Cela dit, de la chance j’en ai eu, et je remercie vraiment mon bon docteur et la pertinence de ses diagnostics (ou du moins de ses intuitions). En effet, j’ai eu la bonne antibiothérapie très vite, aux bonnes doses, et dans la durée requise, ce qui devrait normalement me mettre à l’abri des rechutes en phase aigue. Et puis, maintenant qu’on le sait, tout ce qui pourrait évoquer une phase dite III, pourra être traité sans tarder.

Quand même, le mystère restant sera celui de la contamination, bien que la semaine de rando puisse être le moment fatal…
Je n’ai pas fini de m’en vouloir d’avoir dérogé à ma règle du «pas de sport», je savais bien pourtant que c’était mauvais pour la santé…

dimanche 6 avril 2008

Nombrilisme

En cette fin de week end froid et pluvieux, histoire de me remonter le moral qui a pris racine dans les chaussettes, je voudrai fêter la 1000ème visite de ce blog depuis que je flique mes visiteurs, c'est à dire depuis .

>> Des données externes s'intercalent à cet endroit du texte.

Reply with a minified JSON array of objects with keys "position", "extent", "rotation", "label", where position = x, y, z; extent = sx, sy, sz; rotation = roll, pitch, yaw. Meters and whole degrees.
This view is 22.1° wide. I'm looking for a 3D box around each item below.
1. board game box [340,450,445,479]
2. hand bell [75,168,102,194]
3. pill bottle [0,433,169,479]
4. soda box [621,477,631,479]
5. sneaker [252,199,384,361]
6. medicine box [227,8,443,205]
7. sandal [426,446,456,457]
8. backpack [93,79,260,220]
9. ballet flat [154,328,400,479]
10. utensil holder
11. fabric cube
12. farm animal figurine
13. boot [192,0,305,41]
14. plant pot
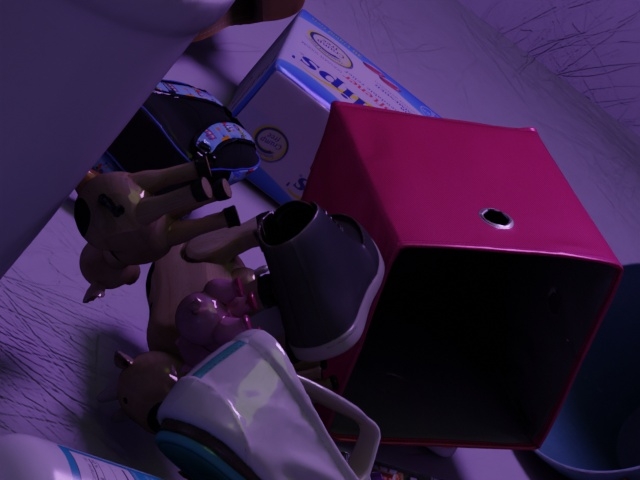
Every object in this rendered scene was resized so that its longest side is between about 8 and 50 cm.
[{"position":[0.102,0.286,1.507],"extent":[0.260,0.030,0.136],"rotation":[21,63,-41],"label":"board game box"},{"position":[-0.264,-0.085,1.641],"extent":[0.242,0.126,0.126],"rotation":[47,18,-22],"label":"hand bell"},{"position":[-0.167,0.218,1.105],"extent":[0.264,0.146,0.146],"rotation":[25,26,-35],"label":"pill bottle"},{"position":[0.417,0.364,1.886],"extent":[0.263,0.092,0.083],"rotation":[25,28,-35],"label":"soda box"},{"position":[0.000,0.000,1.413],"extent":[0.222,0.083,0.118],"rotation":[-85,158,-65],"label":"sneaker"},{"position":[0.019,-0.134,2.113],"extent":[0.263,0.149,0.289],"rotation":[37,20,-9],"label":"medicine box"},{"position":[0.154,0.158,1.867],"extent":[0.102,0.076,0.265],"rotation":[38,21,-9],"label":"sandal"},{"position":[-0.157,-0.103,1.794],"extent":[0.158,0.117,0.173],"rotation":[47,22,17],"label":"backpack"},{"position":[0.027,0.216,1.285],"extent":[0.400,0.139,0.139],"rotation":[51,13,-33],"label":"ballet flat"},{"position":[-0.304,-0.150,1.264],"extent":[0.328,0.385,0.327],"rotation":[35,21,-16],"label":"utensil holder"},{"position":[0.121,0.037,1.711],"extent":[0.254,0.259,0.258],"rotation":[6,35,-21],"label":"fabric cube"},{"position":[-0.116,0.073,1.408],"extent":[0.327,0.172,0.330],"rotation":[-77,149,-73],"label":"farm animal figurine"},{"position":[-0.176,-0.338,2.228],"extent":[0.284,0.109,0.220],"rotation":[-11,15,-16],"label":"boot"},{"position":[0.395,0.199,1.975],"extent":[0.195,0.290,0.290],"rotation":[52,9,-42],"label":"plant pot"}]
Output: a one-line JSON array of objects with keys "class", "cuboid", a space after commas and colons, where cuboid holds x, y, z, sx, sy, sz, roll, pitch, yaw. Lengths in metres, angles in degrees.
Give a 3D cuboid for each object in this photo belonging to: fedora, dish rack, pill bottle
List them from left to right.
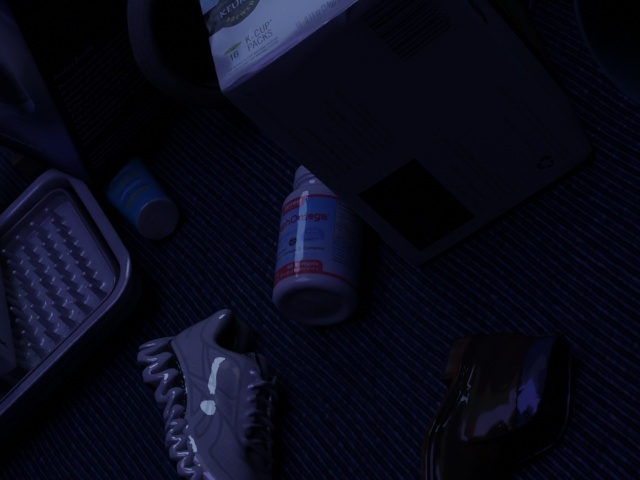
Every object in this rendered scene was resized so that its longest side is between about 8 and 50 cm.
[{"class": "dish rack", "cuboid": [-0.354, 0.094, 1.836, 0.333, 0.072, 0.285, -45, 41, 5]}, {"class": "fedora", "cuboid": [-0.116, -0.283, 1.789, 0.275, 0.244, 0.124, -49, 35, -10]}, {"class": "pill bottle", "cuboid": [0.000, 0.000, 1.596, 0.087, 0.087, 0.160, -18, 50, 30]}]

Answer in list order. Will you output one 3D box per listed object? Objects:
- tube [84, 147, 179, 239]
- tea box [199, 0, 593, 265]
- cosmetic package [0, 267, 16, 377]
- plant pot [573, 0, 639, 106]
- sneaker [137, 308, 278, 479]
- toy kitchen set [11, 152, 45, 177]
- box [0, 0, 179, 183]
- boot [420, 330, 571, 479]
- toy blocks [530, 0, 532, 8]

1000 visites! Je n'en reviens pas. Franchement, je suis d'autant plus surprise qu'on ne peut pas dire que vous soyez des visiteurs bruyants.... Justement, ramené en nombre de visiteurs vous êtes 408 à être passés me lire. D'aucuns sont repartis, mais vous êtes sommes toutes assez nombreux à être fidèles aux Chroniques. Pour un blog démarré dans le quasi secret, je dois avouer ma fierté de vous compter aussi nombreux autour de moi.

On ne se refait pas, quand j'ai des résultats, il faut que je les analyse, c'est plus fort que moi!
L'essentiel des visites a lieu en semaine, le week-end c'est plus calme. 34% d'entre vous venez directement, 65 % à partir de sites référents, ce blog, mais aussi celui ci et celui là qui me font l'honneur de me référencer, mais également des agrégateurs de flux. Le 1% restant a trouvé son chemin jusqu'ici par l'intermédiaire de moteur de recherche.
D'où venez vous? A 53% de France, à 41% des USA, les 6% restant se répartissent sur 11 pays.

A vous tous merci. Passé ce moment d'autosatisfaction, votre fidélité m'oblige à ne pas vous décevoir. Il y aura toujours du léger sur la rive droite, et du plus sérieux sur la rive gauche, je pense avoir trouvé mon rythme dans ce mélange des genres. Enfin, je resterai schizophrène, même si parfois je râle des contraintes techniques liées à cette double signature.